**Data**.
# # # # #

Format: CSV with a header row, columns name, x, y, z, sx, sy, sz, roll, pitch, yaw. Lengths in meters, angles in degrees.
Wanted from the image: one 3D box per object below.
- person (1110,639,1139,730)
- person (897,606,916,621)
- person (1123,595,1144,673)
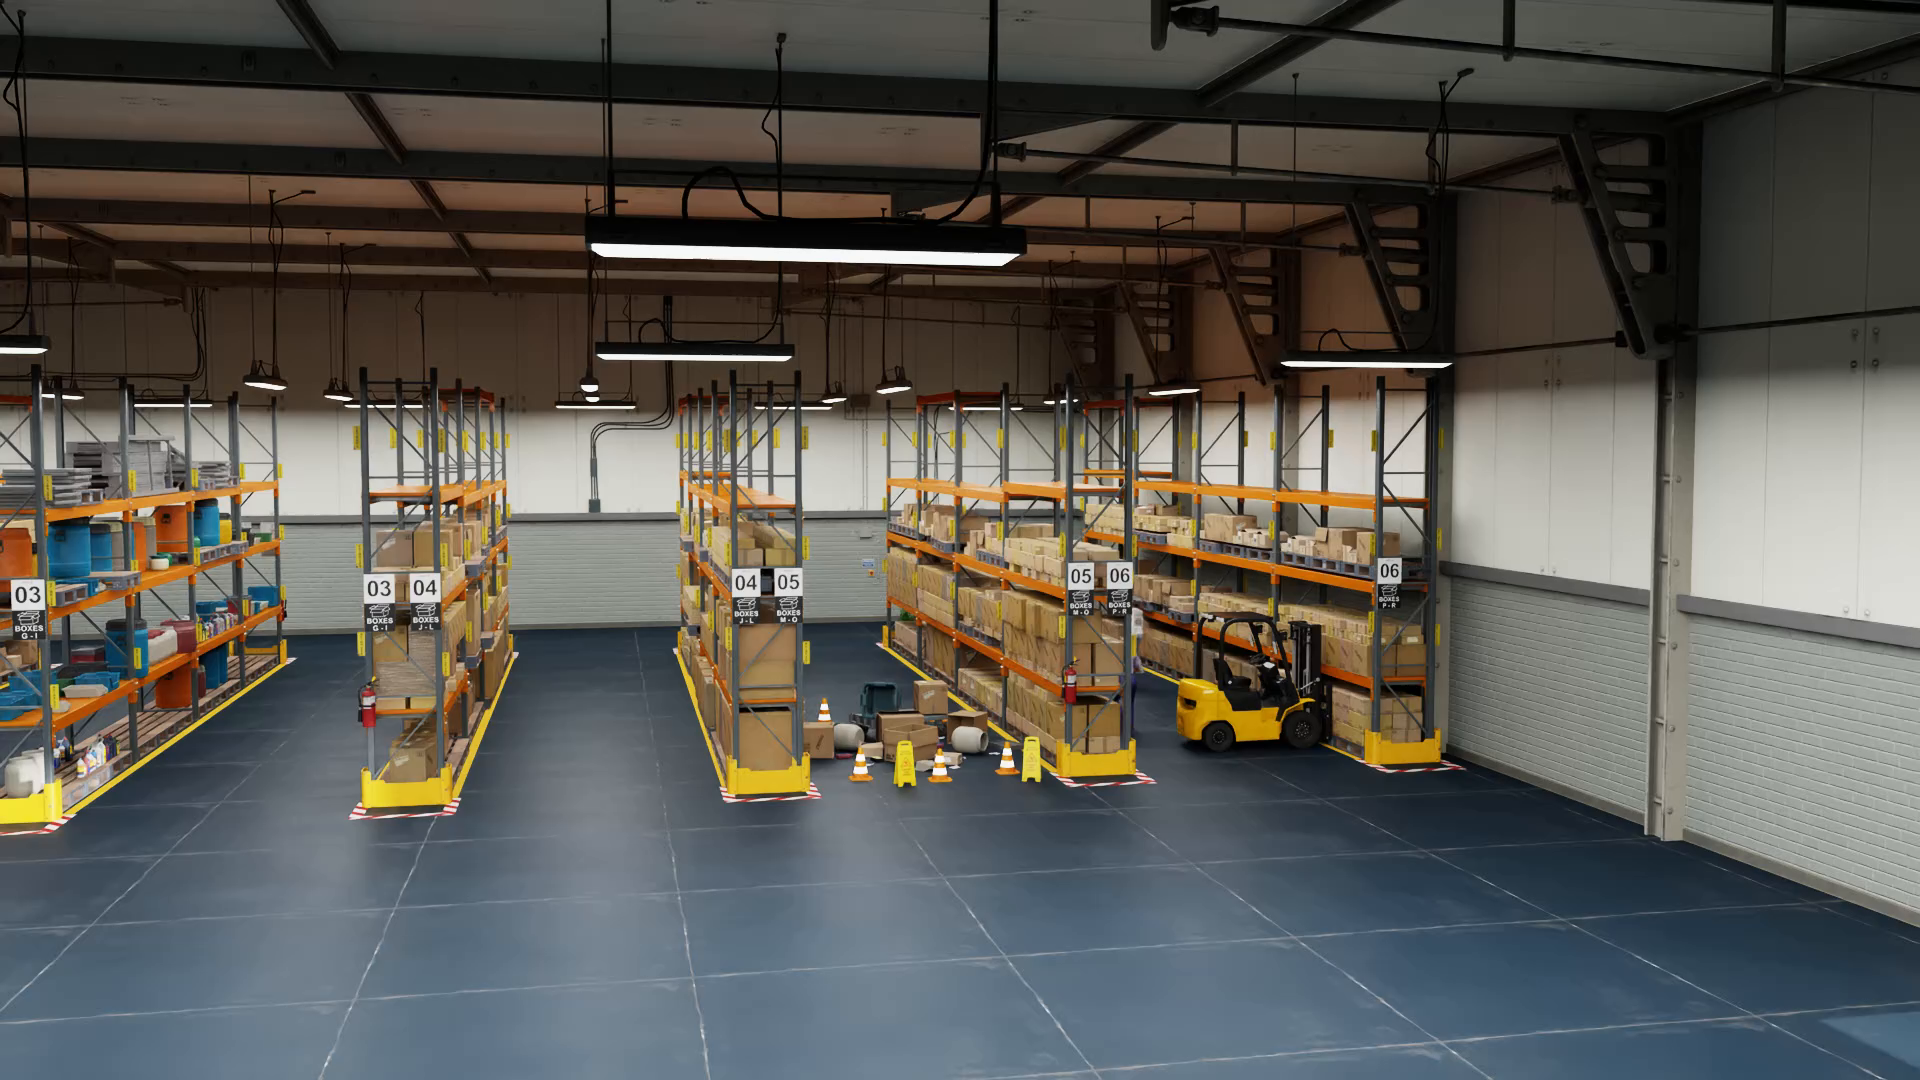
name,x,y,z,sx,sy,sz,roll,pitch,yaw
person,2.866,2.513,29.104,0.585,1.532,0.722,-1,3,-9
person,-1.333,1.597,42.438,0.929,1.759,0.521,-2,4,-32
person,3.571,1.950,33.852,0.481,1.641,0.597,-2,4,-31
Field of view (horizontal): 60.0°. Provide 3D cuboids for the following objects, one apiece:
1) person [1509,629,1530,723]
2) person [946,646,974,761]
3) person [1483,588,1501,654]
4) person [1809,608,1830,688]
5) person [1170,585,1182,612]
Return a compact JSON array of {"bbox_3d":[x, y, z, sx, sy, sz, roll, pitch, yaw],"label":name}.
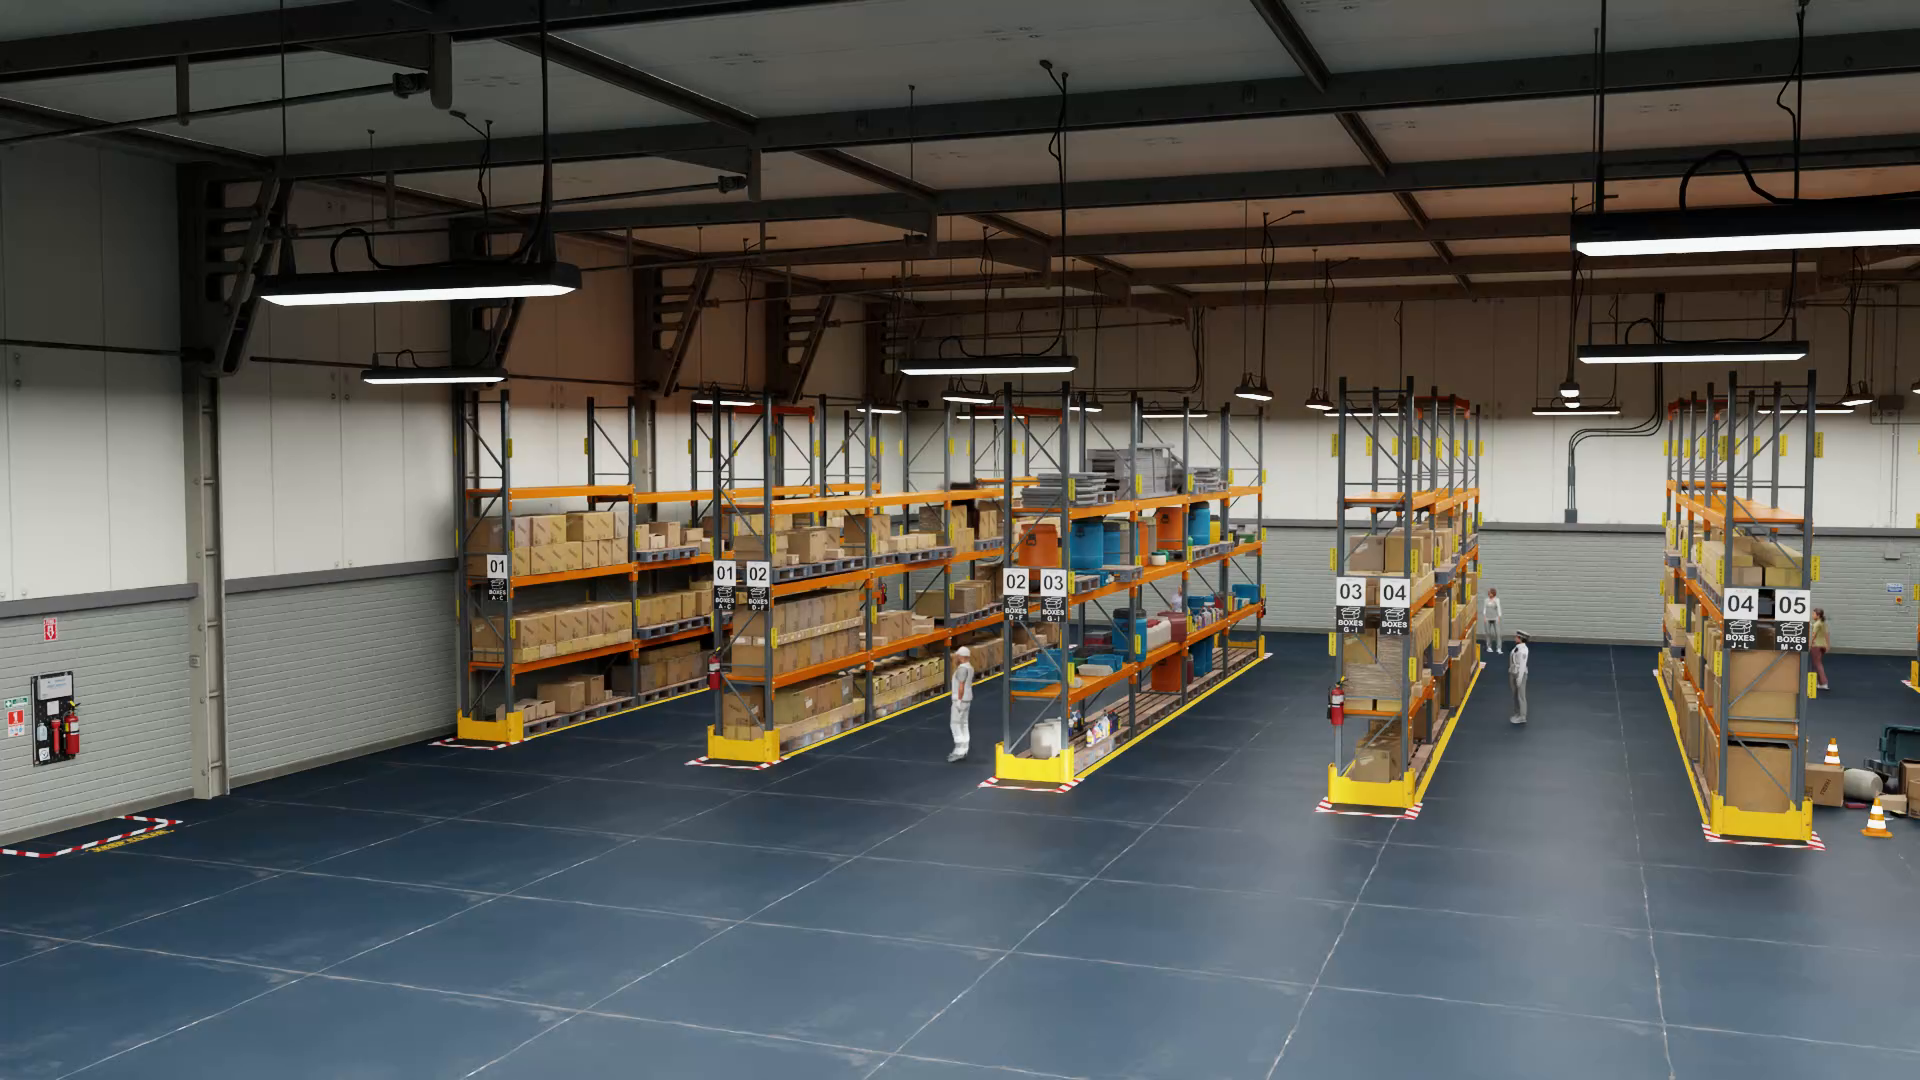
[{"bbox_3d":[10.223,2.484,30.487,0.445,1.686,0.502,-1,3,-13],"label":"person"},{"bbox_3d":[0.004,2.636,26.847,0.374,1.828,0.620,1,3,18],"label":"person"},{"bbox_3d":[13.070,1.974,40.792,0.462,1.611,0.363,2,4,26],"label":"person"},{"bbox_3d":[17.870,2.266,34.679,0.569,1.682,0.695,-1,3,-10],"label":"person"},{"bbox_3d":[5.493,1.958,41.507,0.528,1.518,0.988,0,3,6],"label":"person"}]

# # # # #

**Problem to work on**. Everything from the line containing "1) person [1509,629,1530,723]" to the last line of the records above should be reproduced exactly, except the pictures.

**Result below**.
1) person [1509,629,1530,723]
2) person [946,646,974,761]
3) person [1483,588,1501,654]
4) person [1809,608,1830,688]
5) person [1170,585,1182,612]
Return a compact JSON array of {"bbox_3d":[x, y, z, sx, sy, sz, roll, pitch, yaw],"label":name}.
[{"bbox_3d":[10.223,2.484,30.487,0.445,1.686,0.502,-1,3,-13],"label":"person"},{"bbox_3d":[0.004,2.636,26.847,0.374,1.828,0.620,1,3,18],"label":"person"},{"bbox_3d":[13.070,1.974,40.792,0.462,1.611,0.363,2,4,26],"label":"person"},{"bbox_3d":[17.870,2.266,34.679,0.569,1.682,0.695,-1,3,-10],"label":"person"},{"bbox_3d":[5.493,1.958,41.507,0.528,1.518,0.988,0,3,6],"label":"person"}]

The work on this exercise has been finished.